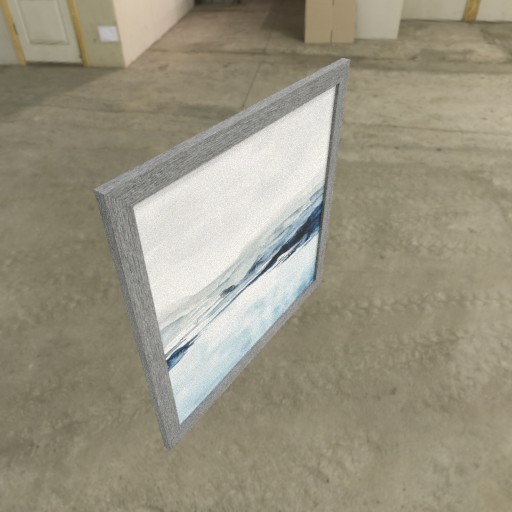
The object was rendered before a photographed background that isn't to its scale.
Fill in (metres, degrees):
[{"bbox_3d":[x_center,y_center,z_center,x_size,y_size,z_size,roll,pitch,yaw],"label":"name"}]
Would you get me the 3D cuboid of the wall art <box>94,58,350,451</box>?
[{"bbox_3d":[0.000,0.000,0.999,0.020,0.685,0.685,25,46,27],"label":"wall art"}]

- Problem to work on:
All of the records above should be reproduced exactly, with the pictures left out.

- Response below:
The object was rendered before a photographed background that isn't to its scale.
Fill in (metres, degrees):
[{"bbox_3d":[x_center,y_center,z_center,x_size,y_size,z_size,roll,pitch,yaw],"label":"name"}]
Would you get me the 3D cuboid of the wall art <box>94,58,350,451</box>?
[{"bbox_3d":[0.000,0.000,0.999,0.020,0.685,0.685,25,46,27],"label":"wall art"}]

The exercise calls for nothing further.